How to check the collected log in Application Insight

Almost all Application Insight features presented above are all based on the data collected as log. It’s also possible for users to check these logs directly to get more detailed information which is not shown in other pages.

When we open the Logs page of the Application Insight page, we’ll see a window as following:

Logs page in Application Insights

In this page, we need to write some custom query to filter the collected logs and get needed information. The query which we will use is the Kusto query. It will be easy for everyone with experience of SQL or other Query language to use since it’s quite similar.

So here there are only two points which we need to pay attention to: the time range and the query we use.

As the name suggests, the time range on the top side can set the time range of the logs which we want to check. For example, if we know the almost timestamp of the failed request, then we can set the time range more accurately to speed up the query process. Also please remember to pay attention to the difference between local time and UTC.

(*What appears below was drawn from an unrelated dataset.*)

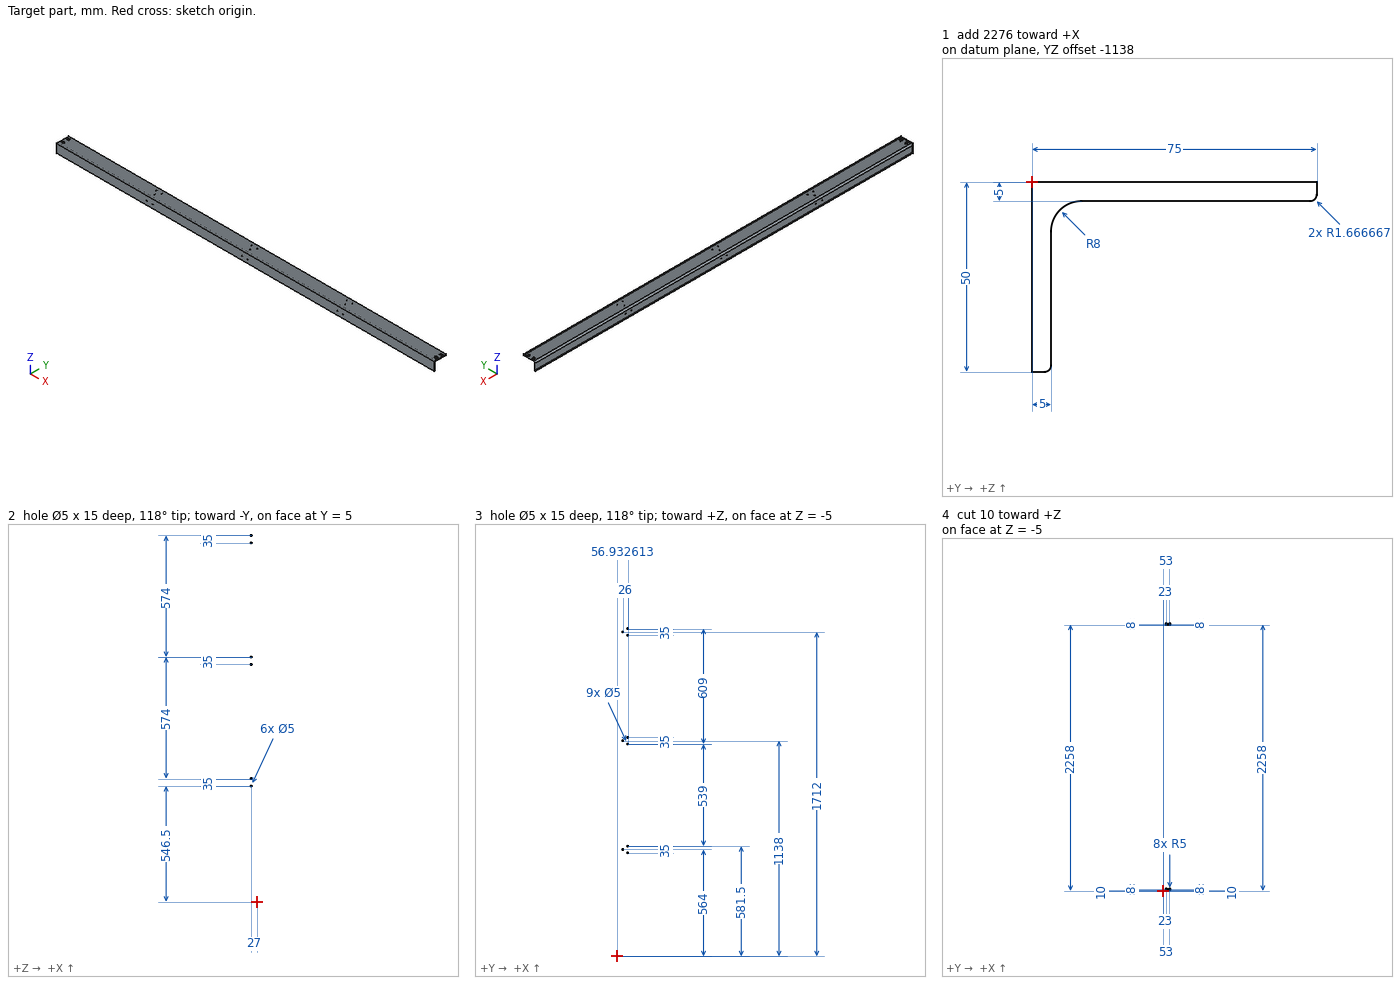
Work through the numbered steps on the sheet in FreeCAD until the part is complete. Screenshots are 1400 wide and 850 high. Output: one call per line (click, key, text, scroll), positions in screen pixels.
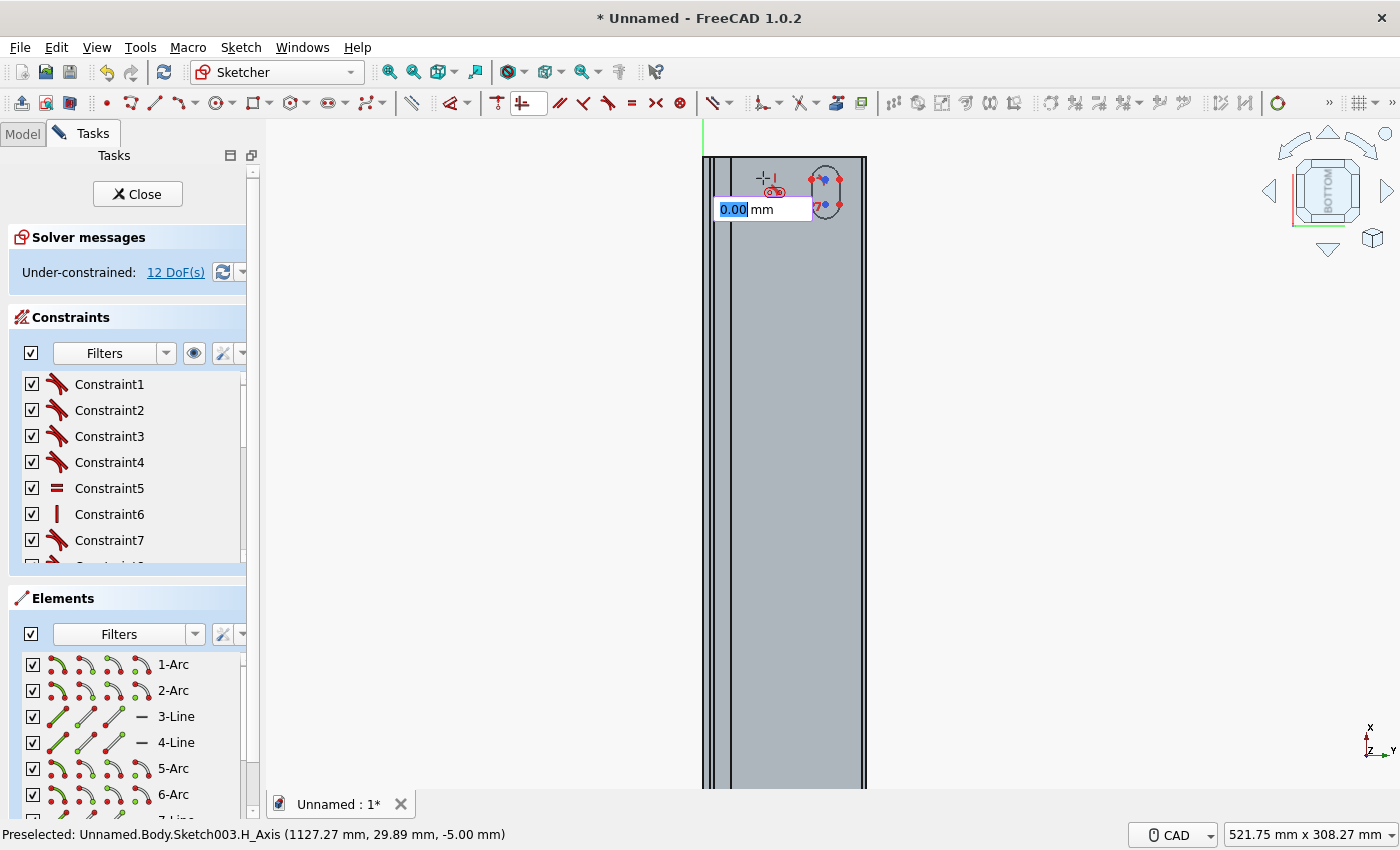
scroll(775, 187, up, 2)

Here is one simple query as example:

exceptions

| where * contains "Zero"

To write a Query, there are still two points which we may think about: Table name in first line and condition which we use to filter the results. Since the different type of metrics/log records will be saved into different tables, it’s impossible for us to get the data from wrong table.

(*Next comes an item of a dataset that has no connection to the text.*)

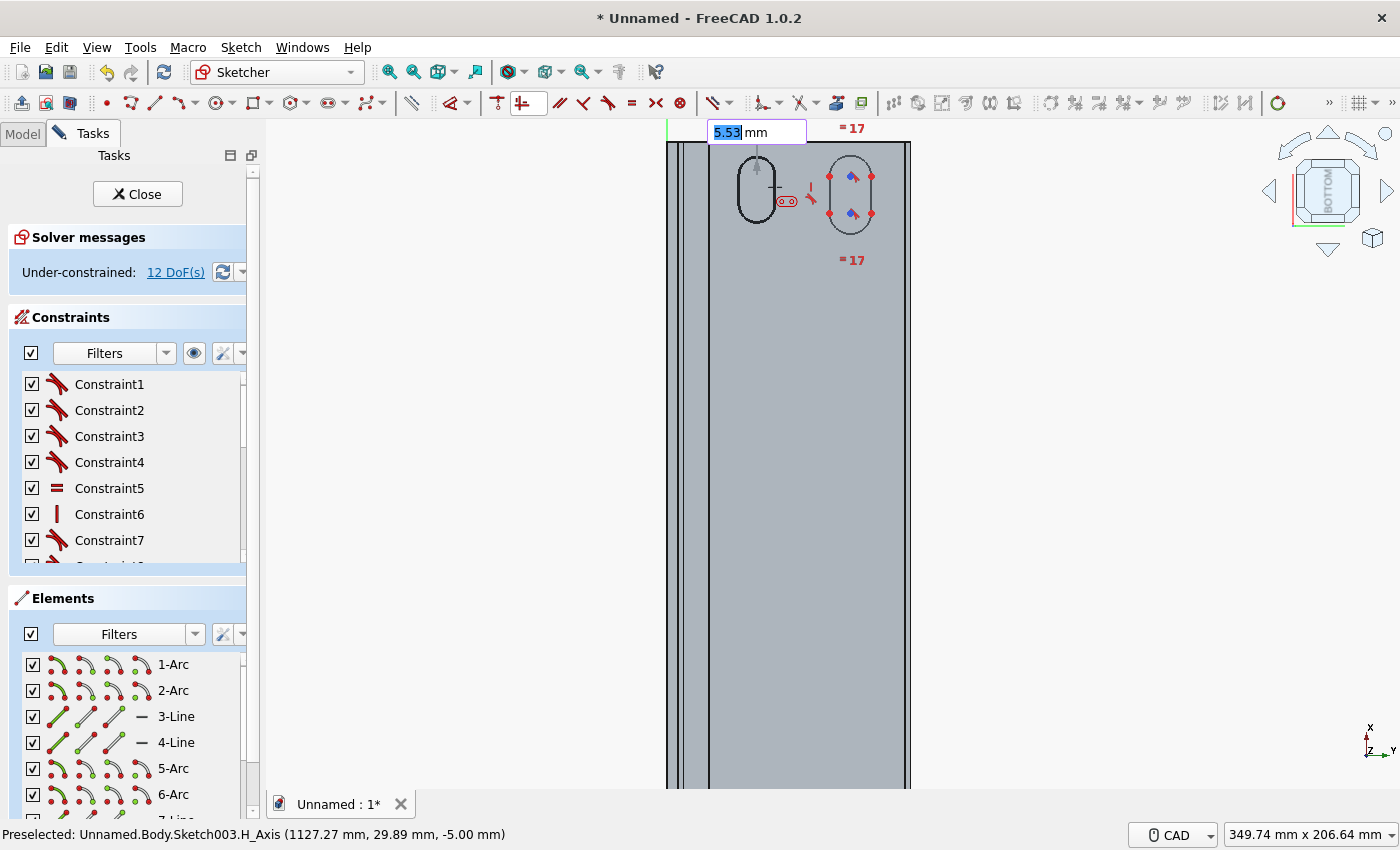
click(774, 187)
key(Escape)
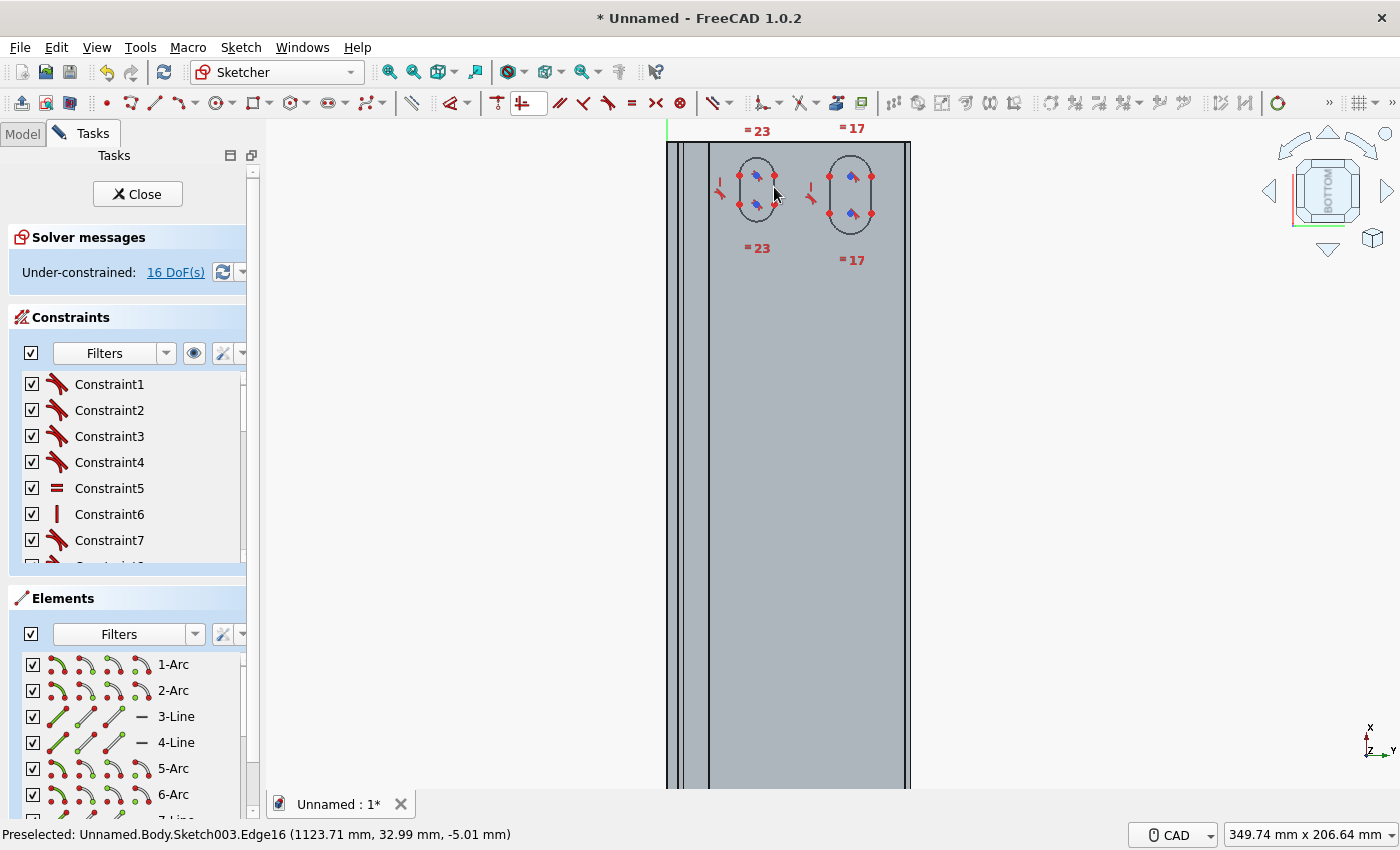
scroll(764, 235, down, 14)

Here we only include the usually used tables. The relationship of the data and table name is:

Relationship of data and table in Logs 1

And there are some tables which will be responsible to save the data collected by custom Diagnostic setting.

Relationship of data and table in Logs 2

After clarifying the data collected by each table, we need to look at the filters. Here are some often used filters: (xxx stands for a column name. If we do not know specific column, we can use * to stand for all columns.)

1. | where xxx contains “specific words”

This filter can be used to look for the results containing specific words. For example: Get all exceptions having keyword Zero.

exceptions

| where * contains "Zero"

2. | where xxx == “specific words”

This filter can be used to look for the results with a specific value as the value of a column. For example: Get all requests with 200 as response code.

requests

| where resultCode == "200"

3. | order by timestamp desc

This filter can be used to order the results by timestamp. The latest result will be at top.

4. | summarize by count() by xxx

This filter can be used to get a summary of the results by a specific column. For example, the query to see the response code amount.

requests

| summarize count() by resultCode

Example query result

One more point is that some filters can be used together. For example:

requests

| where resultCode == "200"

| order by timestamp desc

Summary

The above tips explained how we can basically use the Application Insights with Cloud Service and how to check collected data in Application Insights. In next part, we'll talk more about the real and common scenarios how we can use Application Insights to help the troubleshooting on application issue.